2. The method for preparing the high-strength PE pipe according to claim 1, wherein the method comprises the following steps: the temperature of the melt blending in the first step and the second step is 200-220 ℃ and the time is 1-2 h; the temperature of the compression extrusion in the third step is 180-190 ℃, and the extrusion pressure is 10-20 MPa.

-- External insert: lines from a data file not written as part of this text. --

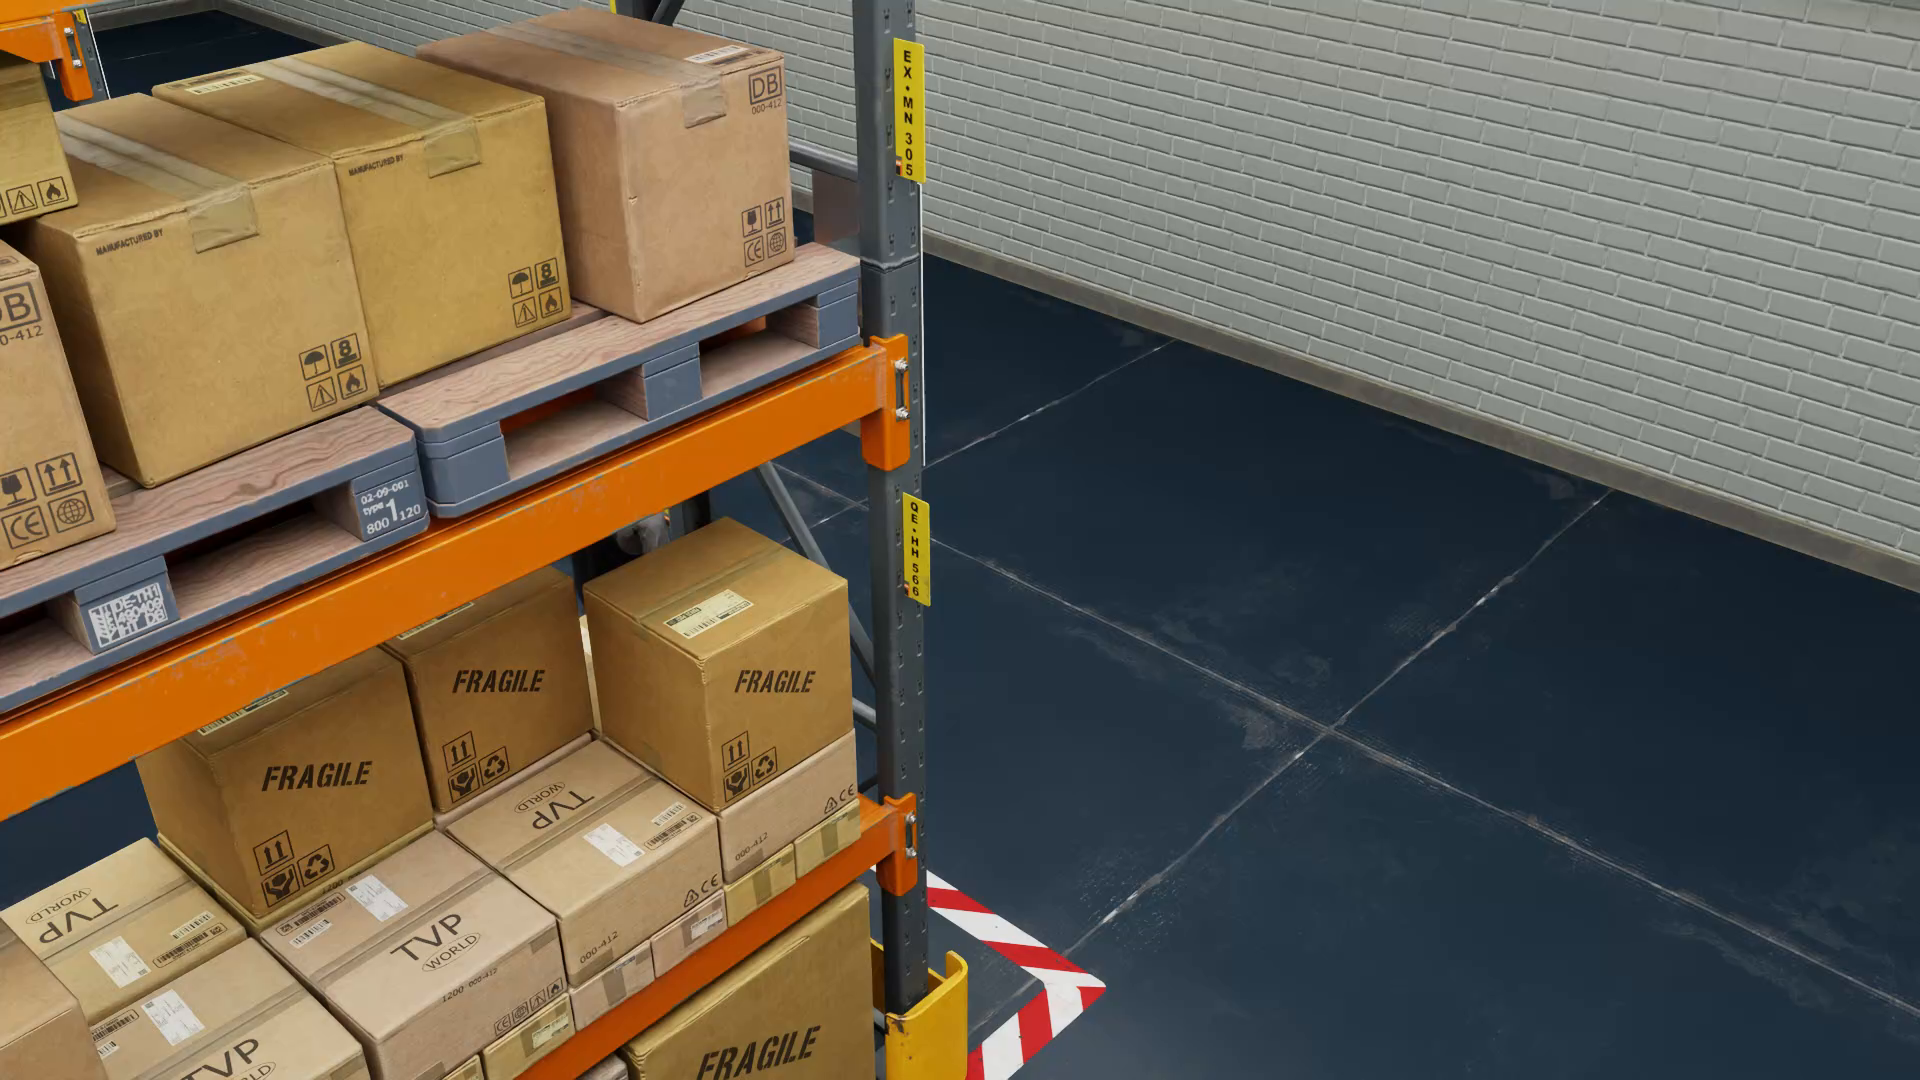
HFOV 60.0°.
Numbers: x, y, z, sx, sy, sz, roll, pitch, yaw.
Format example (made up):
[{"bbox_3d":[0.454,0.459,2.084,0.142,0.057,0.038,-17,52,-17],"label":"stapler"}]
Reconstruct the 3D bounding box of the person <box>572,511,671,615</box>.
[{"bbox_3d":[-1.376,0.283,6.681,0.550,1.725,0.562,-21,37,-31],"label":"person"}]
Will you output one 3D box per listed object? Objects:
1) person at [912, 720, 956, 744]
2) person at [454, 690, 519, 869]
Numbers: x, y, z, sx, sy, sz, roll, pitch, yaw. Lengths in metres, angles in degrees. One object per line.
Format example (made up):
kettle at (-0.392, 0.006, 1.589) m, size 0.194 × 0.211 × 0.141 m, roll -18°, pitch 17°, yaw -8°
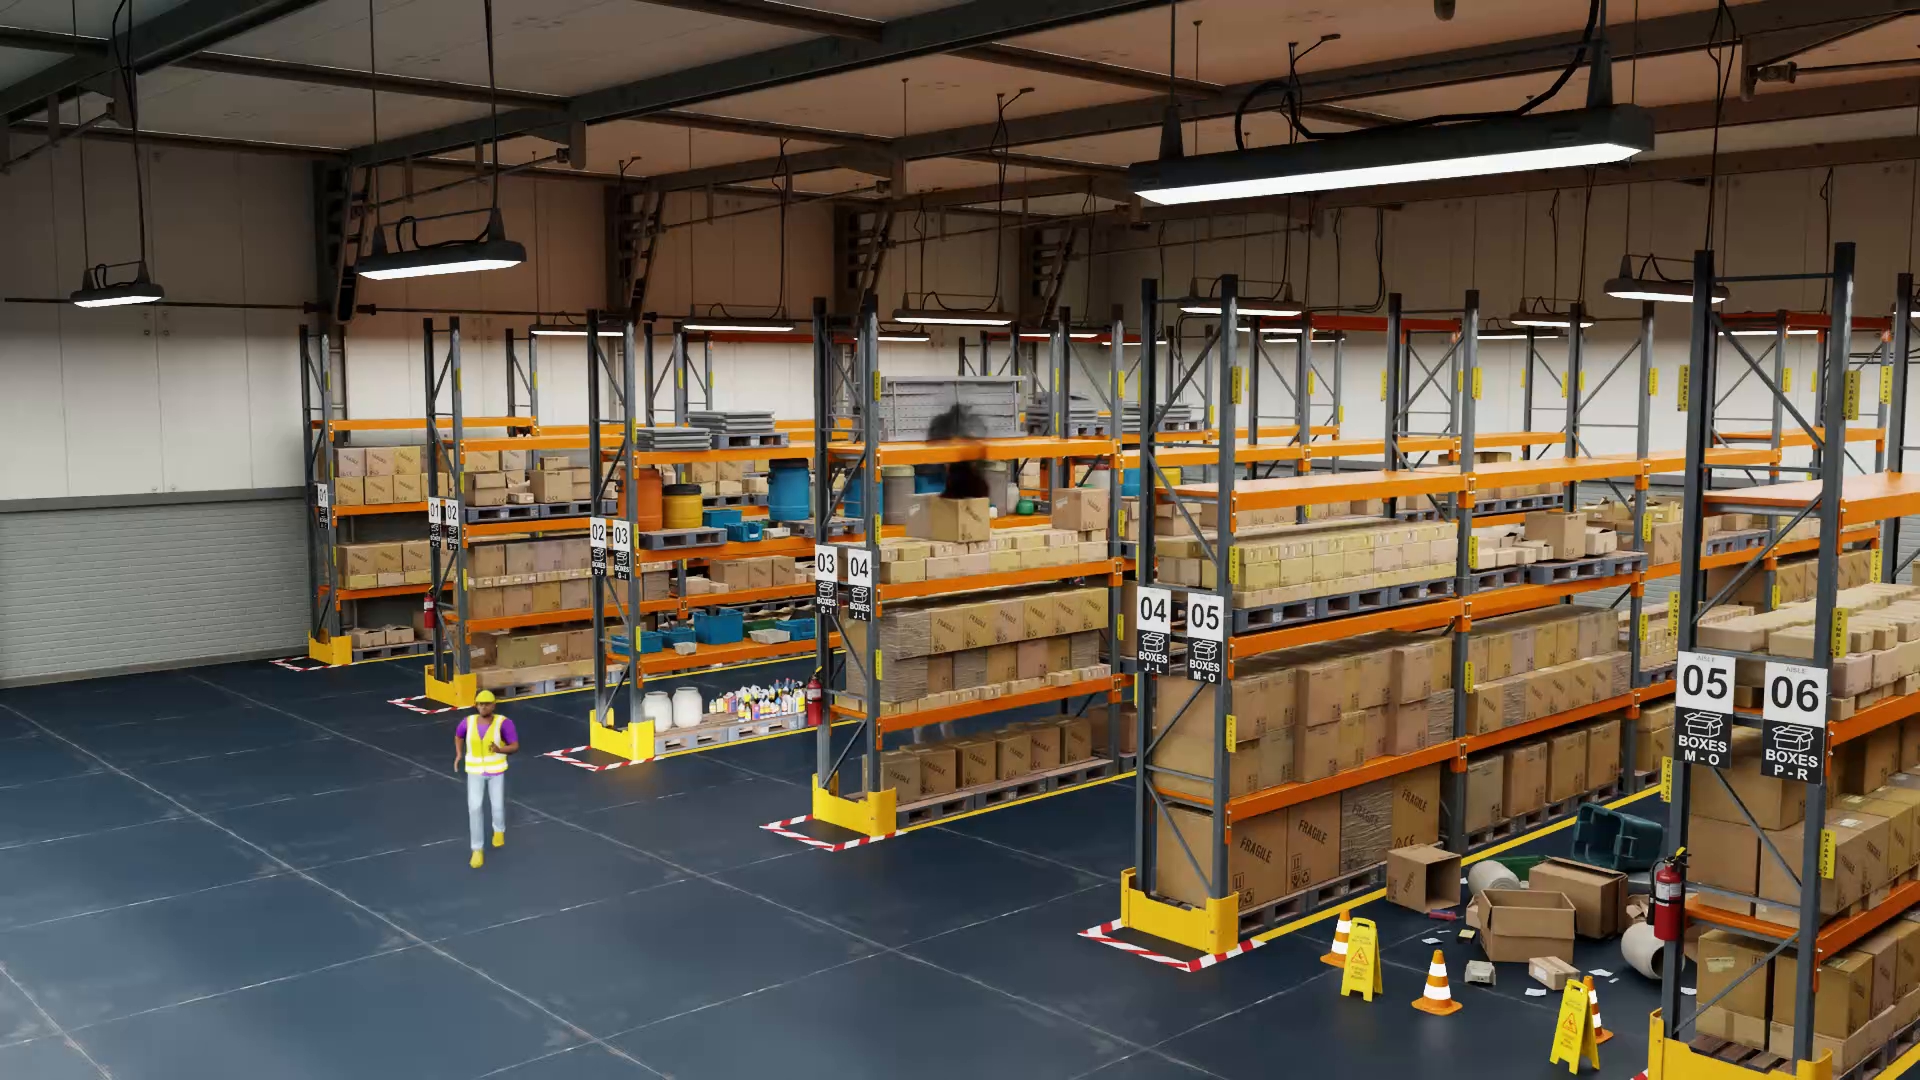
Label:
person at (-0.354, 1.990, 22.237) m, size 0.672 × 1.752 × 0.855 m, roll 3°, pitch 7°, yaw 30°
person at (-5.030, 2.486, 17.680) m, size 0.685 × 1.802 × 0.876 m, roll -1°, pitch 6°, yaw -10°
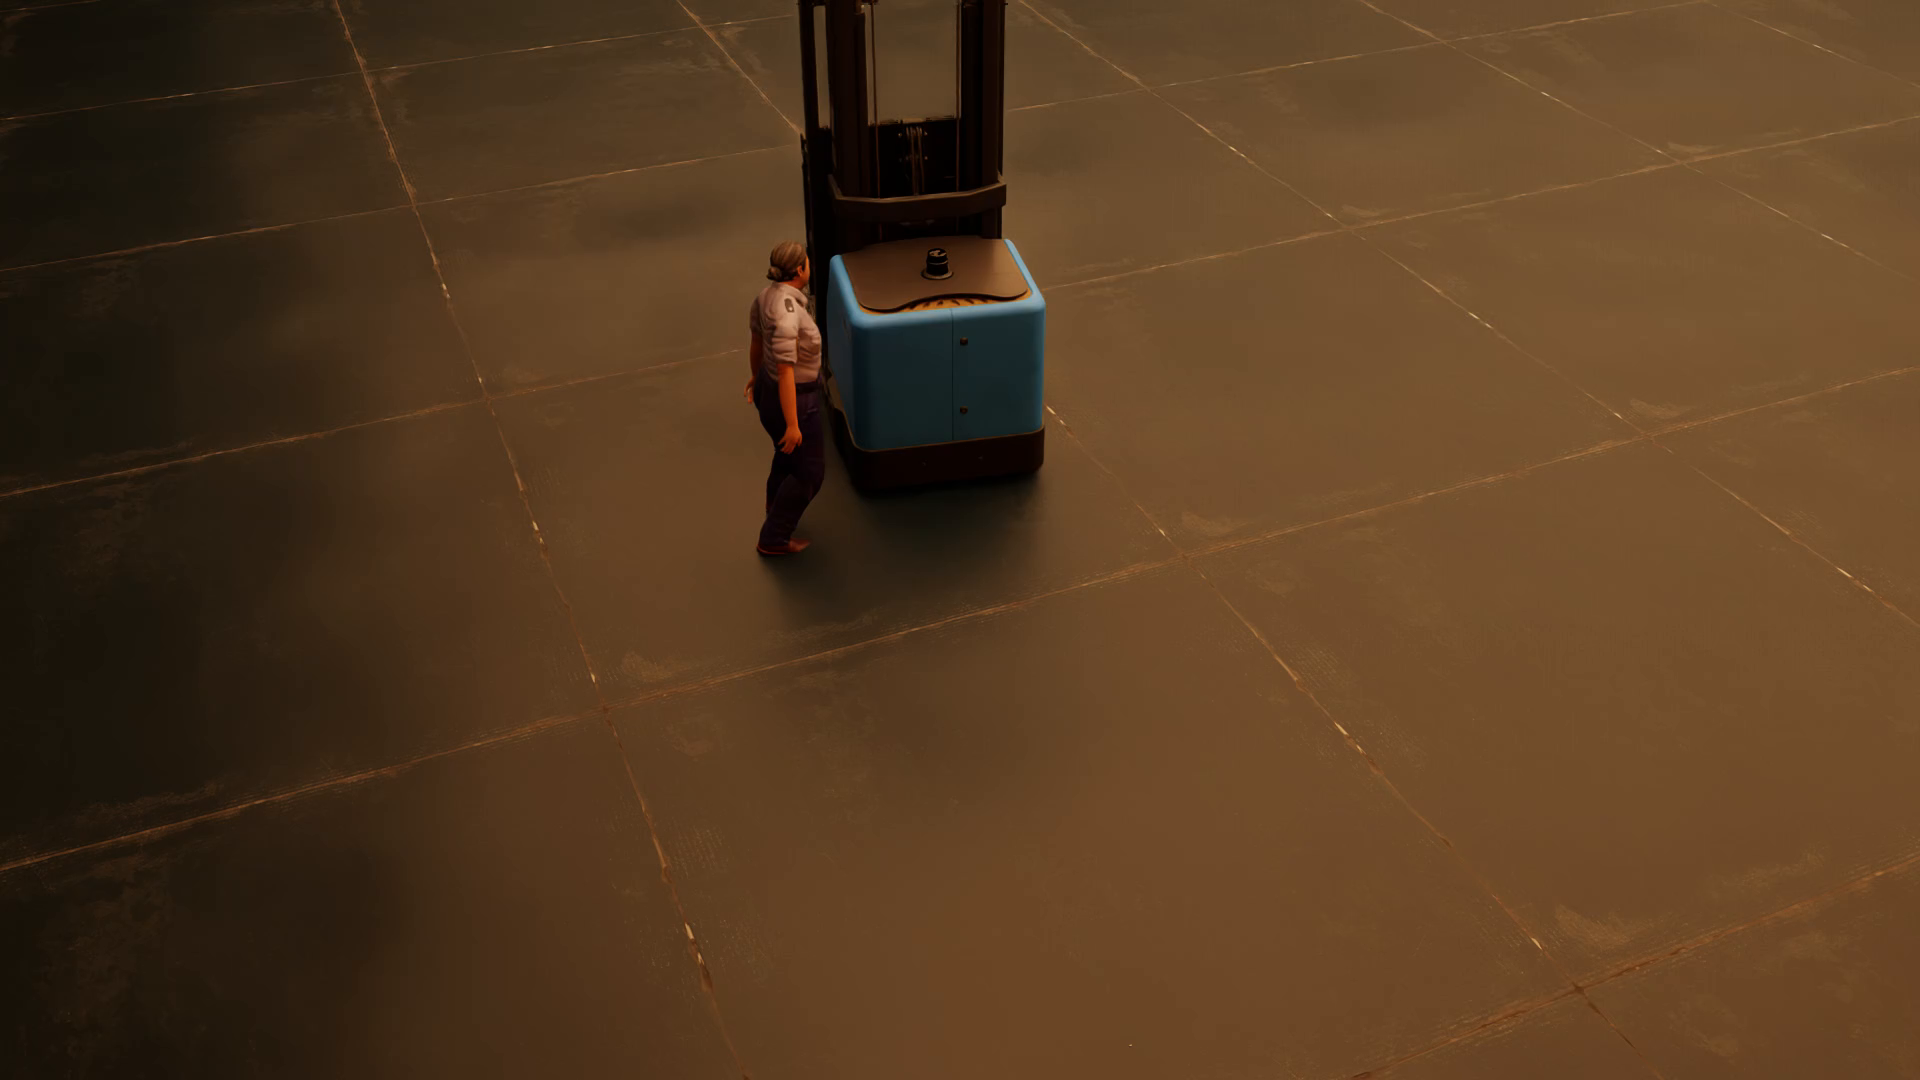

3. The method for preparing the high-strength PE pipe according to claim 1, wherein the method comprises the following steps: the water content of the inner pipe mixed raw material dried in the first step and the outer pipe mixed raw material dried in the second step is less than 6 percent.

4. The method for preparing the high-strength PE pipe according to claim 1, wherein the method comprises the following steps: in the third step, the temperature is kept for 20 to 30 minutes before the multilayer coextrusion die is used.

5. The method for preparing the high-strength PE pipe according to claim 1, wherein the method comprises the following steps: and in the third step, the split-flow feeding equipment is a split-flow plate.

6. The method for preparing the high-strength PE pipe according to claim 1, wherein the method comprises the following steps: in the fourth step, the inner diameter of the sizing sleeve is 1-3 mm larger than the outer diameter of the PE pipe.

7. The method for preparing the high-strength PE pipe according to claim 1, wherein the method comprises the following steps: the polyolefin elastomer is prepared by copolymerizing ethylene and octene; the antioxidant is one of triphenyl phosphite, calcium stearate and pentaerythritol tetrakis [ beta- (3, 5-di-tert-butyl-4-hydroxyphenyl) propionate ]; the dispersing agent is one of BYK-110, FS-5118 or BYK163; the toughening agent is one of carboxymethyl cellulose, polyolefin elastomer or ethylene propylene diene monomer; the silane coupling agent comprises at least one of KH550, KH560 and KH570.